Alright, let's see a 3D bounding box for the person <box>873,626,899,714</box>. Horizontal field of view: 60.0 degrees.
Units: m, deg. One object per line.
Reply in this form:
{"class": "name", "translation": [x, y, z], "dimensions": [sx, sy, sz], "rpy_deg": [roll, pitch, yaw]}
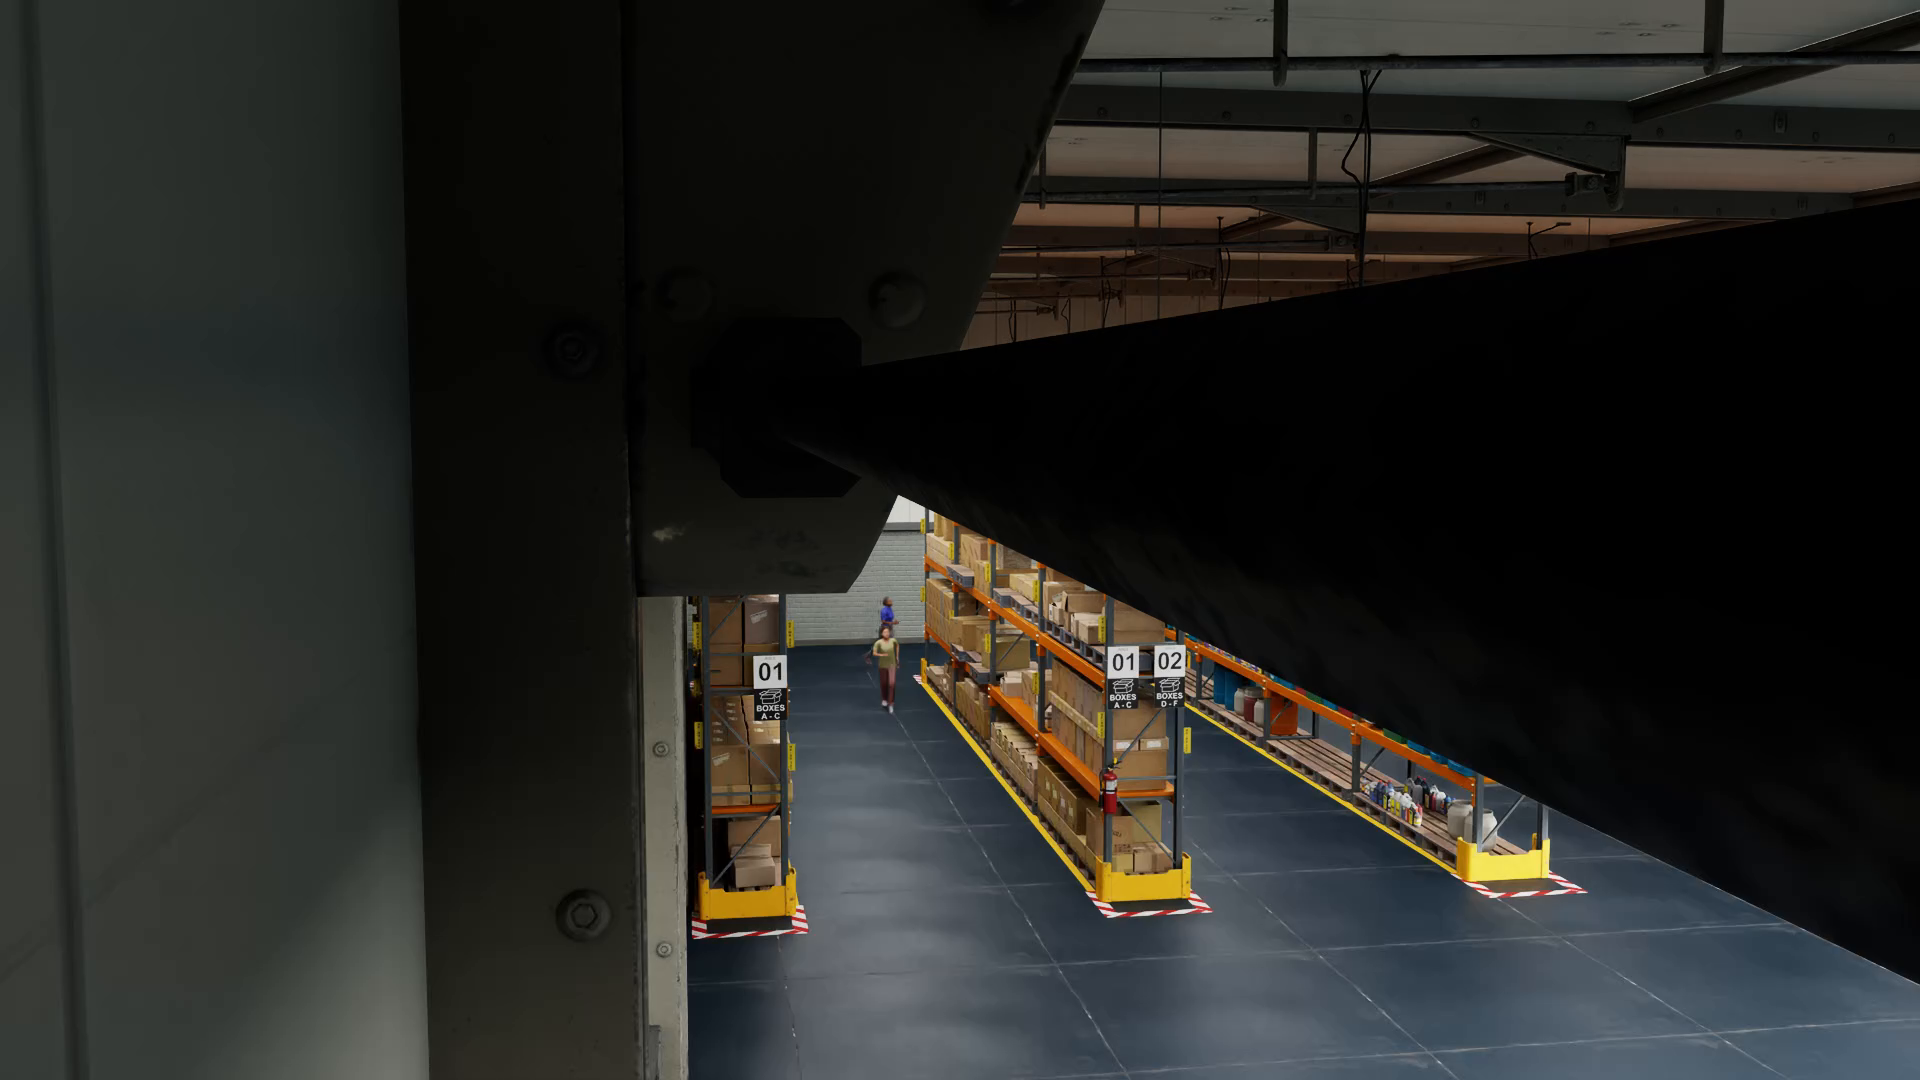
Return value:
{"class": "person", "translation": [-1.477, 2.558, 33.206], "dimensions": [0.540, 1.705, 0.860], "rpy_deg": [-1, 5, -6]}

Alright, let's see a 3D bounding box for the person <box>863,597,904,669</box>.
{"class": "person", "translation": [-1.754, 2.146, 38.356], "dimensions": [0.935, 1.661, 0.592], "rpy_deg": [1, 5, 15]}
-*-*-
▶ Goal of the exercise: Where the line containing "Reply in this" appears, begin writing out the lines exactly, and continue through the end of the material above, omitting pictures.

▶ Result of this task:
Reply in this form:
{"class": "name", "translation": [x, y, z], "dimensions": [sx, sy, sz], "rpy_deg": [roll, pitch, yaw]}
Return value:
{"class": "person", "translation": [-1.477, 2.558, 33.206], "dimensions": [0.540, 1.705, 0.860], "rpy_deg": [-1, 5, -6]}

Alright, let's see a 3D bounding box for the person <box>863,597,904,669</box>.
{"class": "person", "translation": [-1.754, 2.146, 38.356], "dimensions": [0.935, 1.661, 0.592], "rpy_deg": [1, 5, 15]}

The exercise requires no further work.